Тугой комок перехватил Игорю дыханье. Теперь вокруг него все гудело и вихрилось. Солдаты хватали ружья, офицеры что-то кричали, в коновязях метались кони. Артиллеристы, давеча тащившие на своих плечах орудия, схватили тесаки и, перегоняя пехотинцев, кинулись вперед... Игорь побежал за ними.
Стрелки раскинулись цепью и пошли в атаку. Медленно, молча, не обращая внимания на открытый немцами огонь, они взяли подъем, достигли вражеских окопов, лавой хлынули в них.
Игорь одичал, как все, работал прикладом кинутой кем-то винтовки, как все, колол штыком, норовил угодить немцу под подбородок, крякал, когда слышал хруст костей, видел кровь, заливавшую ему руки. На мгновение он заметил подле себя полковника, рубившего саблей немца, стоявшего на коленях и закрывшего лицо согнутыми руками. Еще через какое-то время помутневшим глазом – другой глаз был подбит и заплыл вспухшим веком – Игорь поймал хорошо запомнившуюся фигуру Ожередова. Рыбак колол тесаком немца, замахнувшегося на капитана. И капитан и Ожередов, оба без фуражек, оба черные и оскаленные, прикончили немца и долго топтали его бездыханное тело в неутолимом гневе...
Люди гнали перед собою десяток немцев, схватывались в обнимку с врагом и долго, не видя опасности со стороны, ломали друг друга. Оставшиеся в живых немцы бежали, бросая оружие, скидывая все, что только могло помешать им унести ноги. На бегу солдаты кидали, в них камнями, бросали комья грязи. Падали и подымались, догоняя, стреляли в упор, не прикладываясь, держа винтовку наперевес. Уморившись, падая на землю, они вырывали с корнем султаны папоротника, мешавшие им видеть противника, посылали ему вдогонку одну пулю за другой...
Шатаясь, Игорь остановился. Во рту горело и саднило. Правая рука онемела и висела плетью, слеза застилала здоровый глаз, крупный пот и чужая кровь медленно и липко стекали со лба. Игорь приблизил к глазу часы на запястье. Каким-то чудом они оказались целы. Бой длился не более пятнадцати минут, а как будто прошла вечность. Несмотря на физическую усталость, на душу снизошло освежающее спокойствие. Что-то крайне необходимое было выполнено, и это облегчило сердце.

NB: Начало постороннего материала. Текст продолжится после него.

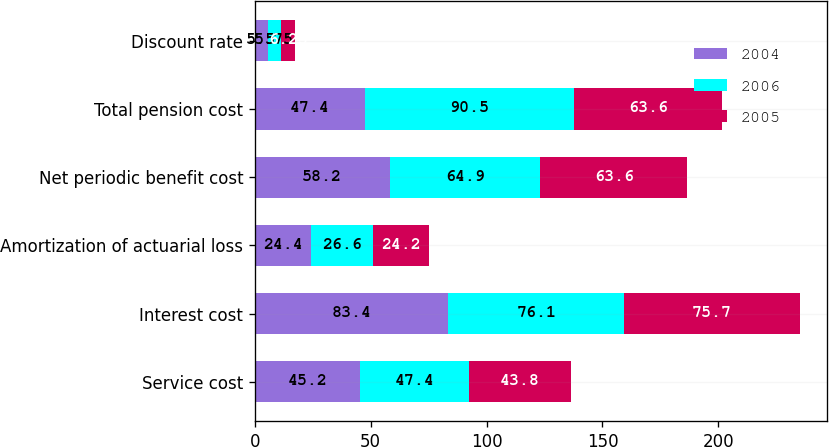<chart> <loc_0><loc_0><loc_500><loc_500><stacked_bar_chart><ecel><fcel>Service cost<fcel>Interest cost<fcel>Amortization of actuarial loss<fcel>Net periodic benefit cost<fcel>Total pension cost<fcel>Discount rate<nl><fcel>2004<fcel>45.2<fcel>83.4<fcel>24.4<fcel>58.2<fcel>47.4<fcel>5.5<nl><fcel>2006<fcel>47.4<fcel>76.1<fcel>26.6<fcel>64.9<fcel>90.5<fcel>5.75<nl><fcel>2005<fcel>43.8<fcel>75.7<fcel>24.2<fcel>63.6<fcel>63.6<fcel>6.25<nl></chart> 
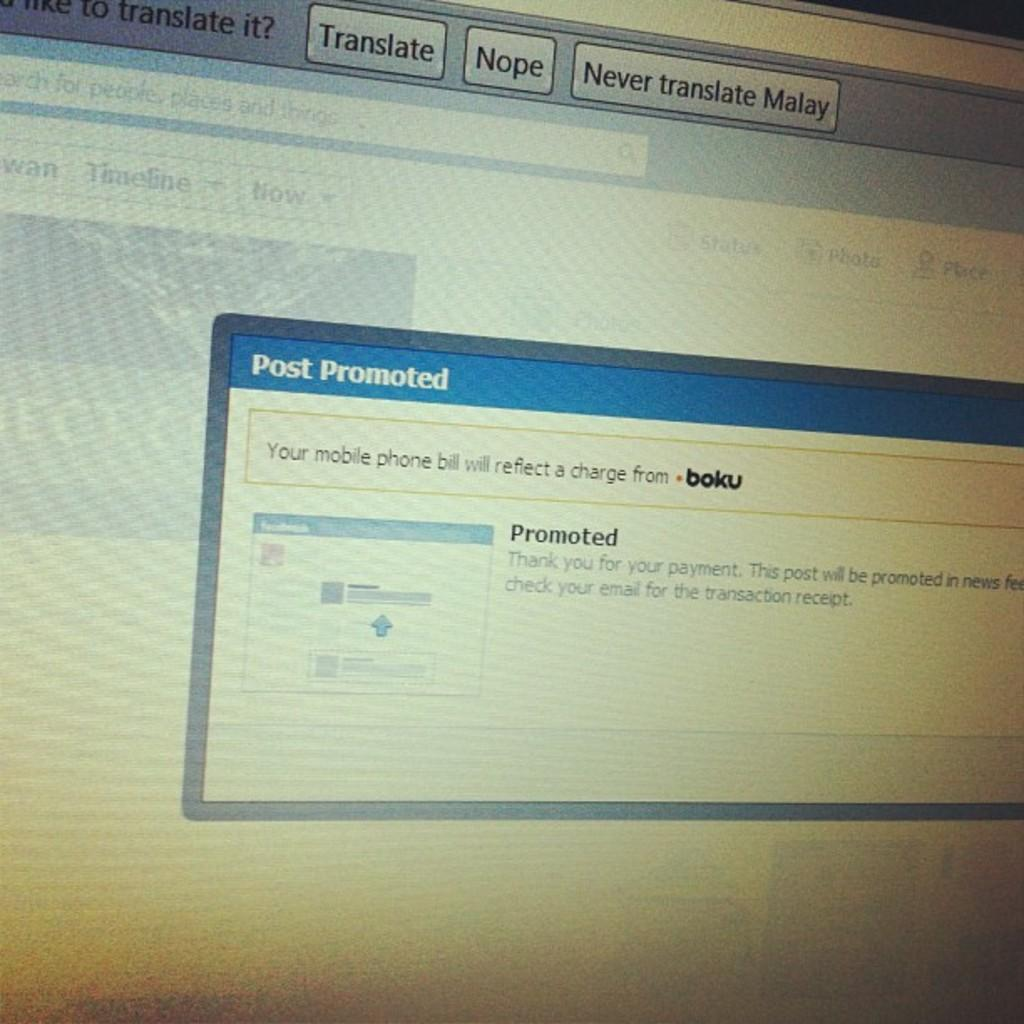<image>
Render a clear and concise summary of the photo. The computer screen asked whether or not to translate the language on the page. 
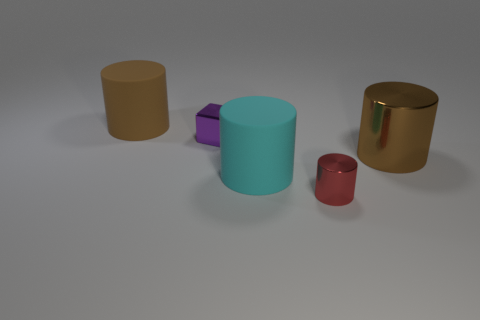Subtract all red cylinders. How many cylinders are left? 3 Add 4 small cyan metallic balls. How many objects exist? 9 Subtract all cyan cylinders. How many cylinders are left? 3 Subtract all red cubes. Subtract all purple spheres. How many cubes are left? 1 Subtract all red cubes. How many gray cylinders are left? 0 Subtract all cyan cylinders. Subtract all metal objects. How many objects are left? 1 Add 3 tiny objects. How many tiny objects are left? 5 Add 4 brown shiny things. How many brown shiny things exist? 5 Subtract 1 red cylinders. How many objects are left? 4 Subtract all cylinders. How many objects are left? 1

Игорю вспомнился Виноградов, его танцующая походка, его стройная фигура, свободный взмах руки с белой повязкой на рукаве, приглушенный свист крыльев стайки куропаток... и вот – это же лицо, взметнувшееся над тесаками... это же тело, разорванное на куски, обезображенное...
– Так им и надо! – громко произнес Игорь, достал из кармана мокрый от пота, как и вся одежда, носовой платок, отер им с лица грязь, кровь и пот и кинул сразу почерневший лоскут наземь...
Весь день и всю ночь шло преследование. В нем приняла участие подоспевшая кавалерия. Казаки ударили с флангов.
Игорь то отдыхал, сидя где-нибудь на бугорке, то бродил среди павших и раненых. Он искал Ожередова, смутно припоминая, что в последний раз видел его раненым, но в запале не остановился помочь ему. Никто в тот час не подбирал товарищей. Теперь не один только Игорь вспомнил о них. Солдаты и санитары бродили по лугу и склонялись над павшими. Их было очень много, больше, чем казалось сначала. Командир полка лежал, распростерши руки, с колотой раной в обнаженную, покрытую седым волосом грудь. Полковник смотрел в небо. Длинные усы его с подусниками шевелил ветерок...
Внимание Игоря привлек глухой топот копыт по траве и собачий, с каким-то настойчивым подвизгом лай. Он увидел едущего по лугу казака. К ногам коня кидалась и лаяла пушистая дымчатая собачонка. Лошадь брыкалась, казак плеткой отгонял собаку и беззлобно, даже с каким-то удивлением кричал: «Ты чего, дура? Ну что тебе?» Собака не унималась, виляла хвостом, увертывалась от ударов и не оставляла преследования.
Игорь узнал собаку, это был Волчок. Несомненно, Ожередов где-то поблизости.
– Эй, постой! – крикнул Игорь казаку. Казак лениво придержал коня.
– Эту собаку я знаю,– подойдя к казаку, сказал Игорь,– она зовет тебя к своему хозяину... Волчок! – окликнул он собаку.– Веди нас за собою.
Волчок, махая хвостом, недоверчиво остановился в отдалении.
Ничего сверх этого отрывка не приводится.